Versilberung des Alltags
Ein ausgekippter Nachttopf, ein übelriechender Misthaufen, ein zu eng geschnürtes Mieder oder gar der ungewaschene Nachbar in der Kirchenbank – es gab auch früher schon mannigfaltige Gründe, ein Riechdöschen in der Tasche zu haben, um im Notfall schnell die Nase hineinzustecken. Eine Essenz aus Rosen, Maiglöckchen oder Moschus, geträufelt auf einen Naturschwamm, brachte die Leidenden schnell auf andere Gedanken. Solch kunstvoll angefertigte Riechdosen sind nur ein Teil der ostfriesischen Kleinsilbersammlung, die der Antiquitätenhändler Horst Arians in über 40 Jahren zusammengetragen und dokumentiert hat. Hinzu kommen zahlreiche silberne Spangen, Teesiebe, Bestecke sowie allerlei Alltagsgegenstände, die wohlhabende Marschbauern und Stadtbewohner im 18. und 19. Jahrhundert benutzt haben. Besonders die Riechdosen – hergestellt von heimischen Silberschmieden – sind in ihrer Verarbeitung hochqualitative Kunstwerke und gleichzeitig eine regionale Besonderheit: Mitunter wurden sie als Konfirmationsgeschenke an die folgenden Generationen weitergegeben.
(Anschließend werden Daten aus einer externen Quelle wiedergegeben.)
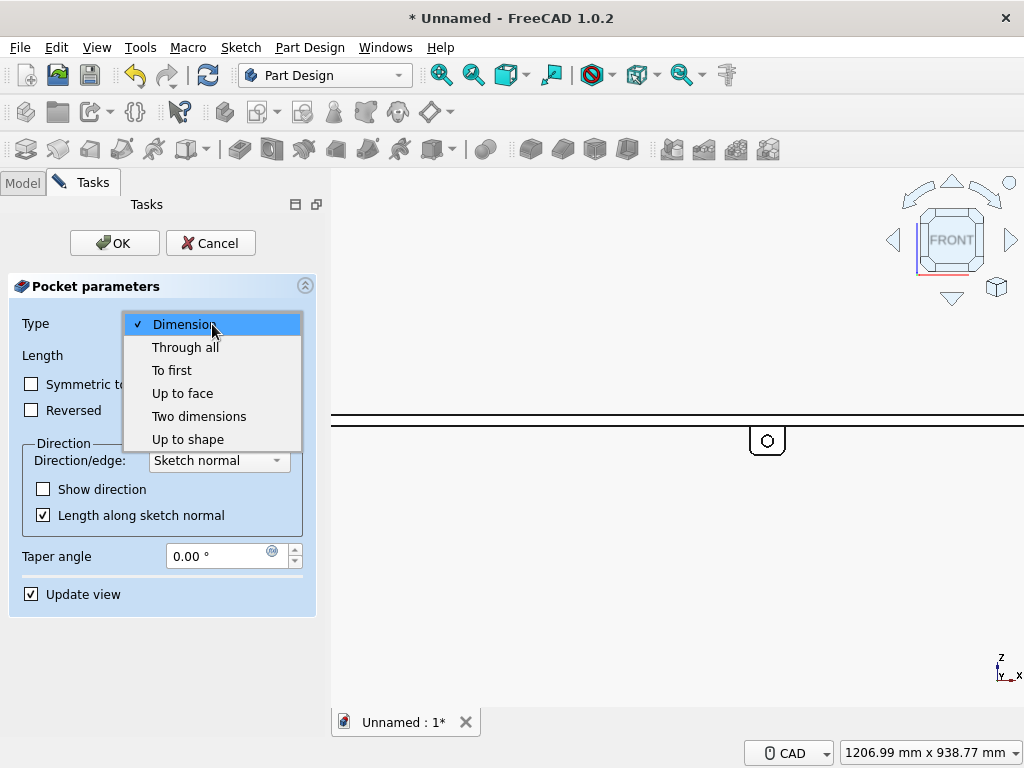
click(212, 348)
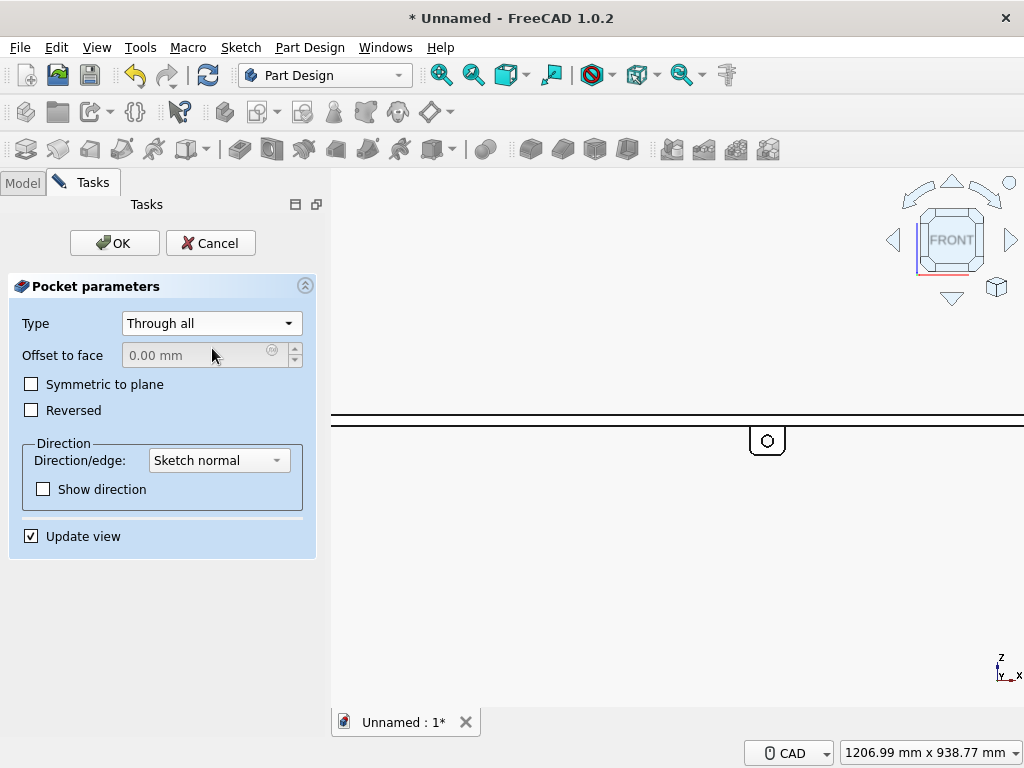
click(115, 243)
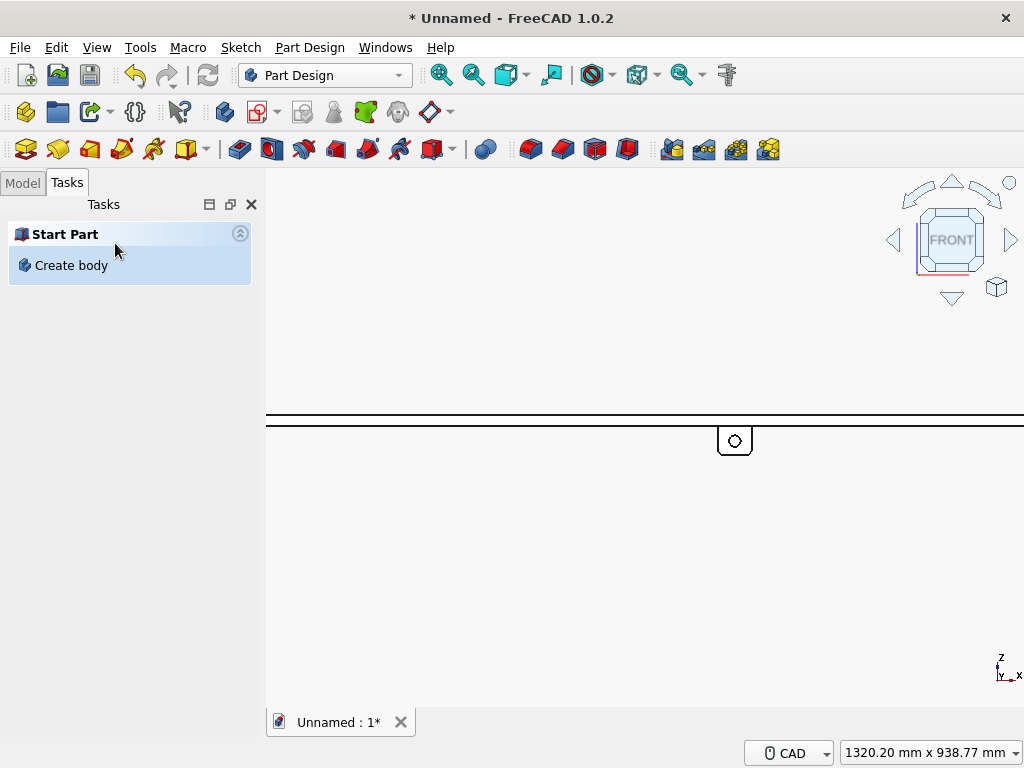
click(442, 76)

In bemerkenswerter Formenvielfalt verzieren mythologische und christliche Szenen, florale Muster und auch solche aus dem alltäglichen Leben der Bauern die 212 Dosen, die Arians neben rund zweihundert weiteren kleinen Silberschätzen leidenschaftlich gesammelt hat. Dem Ostfriesischen Landesmuseum Emden gelang nun der Ankauf dieser einzigartigen Sammlung mit Unterstützung der Kulturstiftung der Länder, des Landes Niedersachsen, der Gerhard ten Doornkaat Koolmann Stiftung und des Freundes- und Förderkreises des Ostfriesischen Landesmuseums e. V.
Die Sammlung dokumentiert den hohen Standard der heimischen Gold- und Silberschmiedekunst, vor allem im Bereich des Kleinsilbers. Die Riechdosen stellen ein einzigartiges kulturhistorisches Phänomen und eine regionaltypische Besonderheit dar, ihr Gebrauch ist sonst in Deutschland nur ansatzweise zu beobachten. Im 18. und 19. Jahrhundert erfreuten sie sich als umfassende Modeerscheinung großer Beliebtheit in Ostfriesland. In Gestalt von Fischen oder Muscheln, über Miniaturmöbel bis hin zu den häufigen Eiformen wurden sie in Kleinserien hergestellt und überwiegend von Frauen genutzt.
Dieses einmalige kulturhistorische Erbe, das die bislang 40 Stück umfassende Kollektion der Riechdosen im Emder Museum nun glücklich ergänzt, macht die Emder Sammlung zur größten und bedeutendsten ihrer Art in öffentlichem Besitz in Deutschland.